- **Entries supplied**:
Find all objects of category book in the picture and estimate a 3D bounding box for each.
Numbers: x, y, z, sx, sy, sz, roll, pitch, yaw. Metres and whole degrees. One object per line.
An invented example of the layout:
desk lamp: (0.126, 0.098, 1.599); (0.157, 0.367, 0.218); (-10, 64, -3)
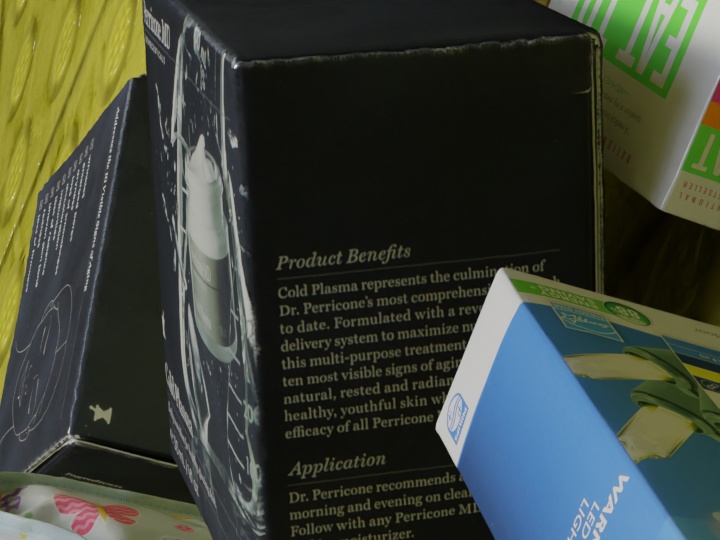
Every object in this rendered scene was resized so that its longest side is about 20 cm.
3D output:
book: (0.128, -0.127, 0.769); (0.134, 0.048, 0.201); (-127, 56, -66)

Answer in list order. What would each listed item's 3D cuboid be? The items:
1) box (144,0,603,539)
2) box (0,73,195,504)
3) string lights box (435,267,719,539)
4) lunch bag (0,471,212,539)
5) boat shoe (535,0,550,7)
box: (0.000, 0.000, 0.813); (0.200, 0.123, 0.198); (-134, 41, -70)
box: (-0.111, 0.030, 1.236); (0.197, 0.123, 0.201); (141, 140, -64)
string lights box: (0.097, 0.074, 0.606); (0.200, 0.102, 0.059); (-120, 47, -64)
lunch bag: (-0.120, 0.189, 1.022); (0.127, 0.199, 0.170); (-146, 72, -71)
boat shoe: (0.036, -0.112, 0.979); (0.072, 0.072, 0.201); (171, 112, -71)

- **What is required**: From the records above, report the number of lines that hold the string "each" and add nothing.

- **Exercise result**: 2